[What this task involves]: What you return must match, exactly, the lines running from the one containing "unsigned long long" to the end of the data, both included, and must contain no pictures.

[Excerpted data]:
◇ ◇ ◇

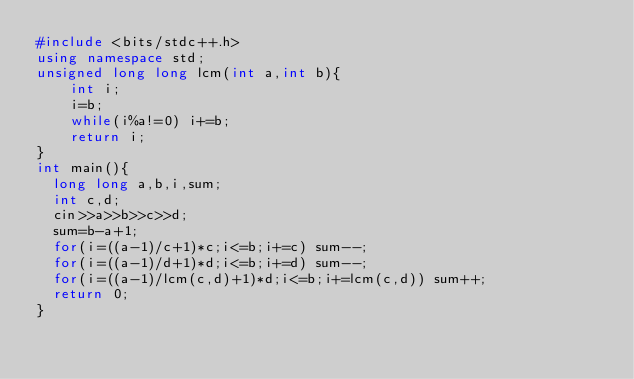<code> <loc_0><loc_0><loc_500><loc_500><_C++_>#include <bits/stdc++.h>
using namespace std;
unsigned long long lcm(int a,int b){
	int i;
	i=b;
	while(i%a!=0) i+=b;
	return i;
}
int main(){
  long long a,b,i,sum;
  int c,d;
  cin>>a>>b>>c>>d;
  sum=b-a+1;
  for(i=((a-1)/c+1)*c;i<=b;i+=c) sum--;
  for(i=((a-1)/d+1)*d;i<=b;i+=d) sum--;
  for(i=((a-1)/lcm(c,d)+1)*d;i<=b;i+=lcm(c,d)) sum++;
  return 0;
}</code> 
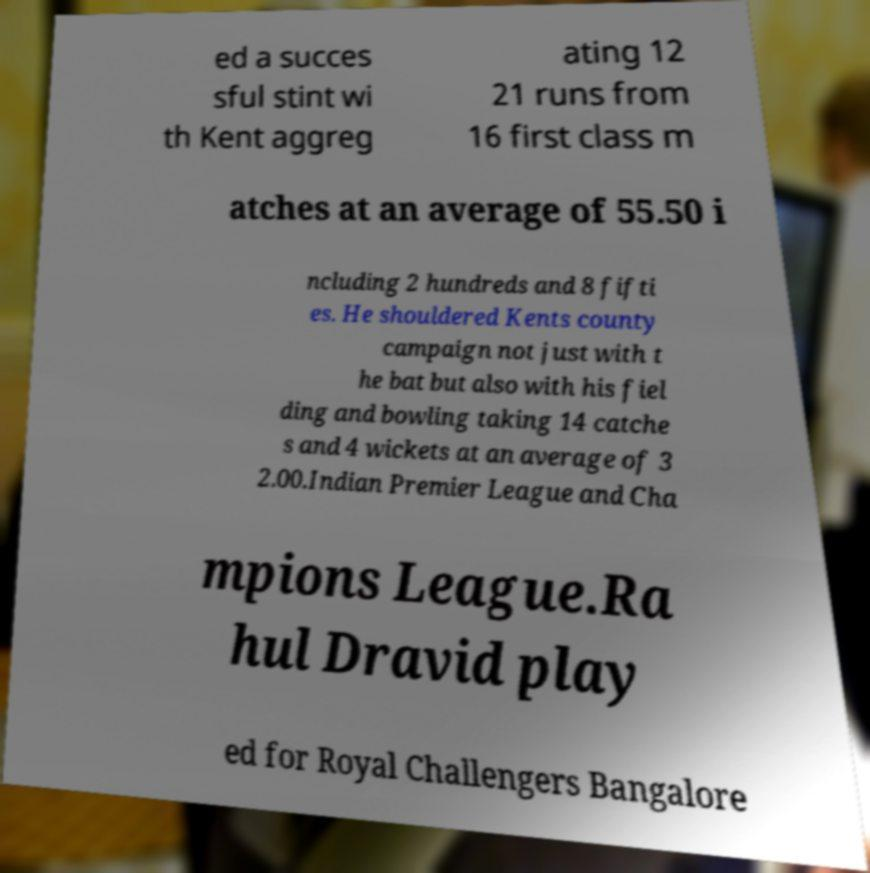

◇ ◇ ◇

[Response area]:
unsigned long long lcm(int a,int b){
	int i;
	i=b;
	while(i%a!=0) i+=b;
	return i;
}
int main(){
  long long a,b,i,sum;
  int c,d;
  cin>>a>>b>>c>>d;
  sum=b-a+1;
  for(i=((a-1)/c+1)*c;i<=b;i+=c) sum--;
  for(i=((a-1)/d+1)*d;i<=b;i+=d) sum--;
  for(i=((a-1)/lcm(c,d)+1)*d;i<=b;i+=lcm(c,d)) sum++;
  return 0;
}</code> 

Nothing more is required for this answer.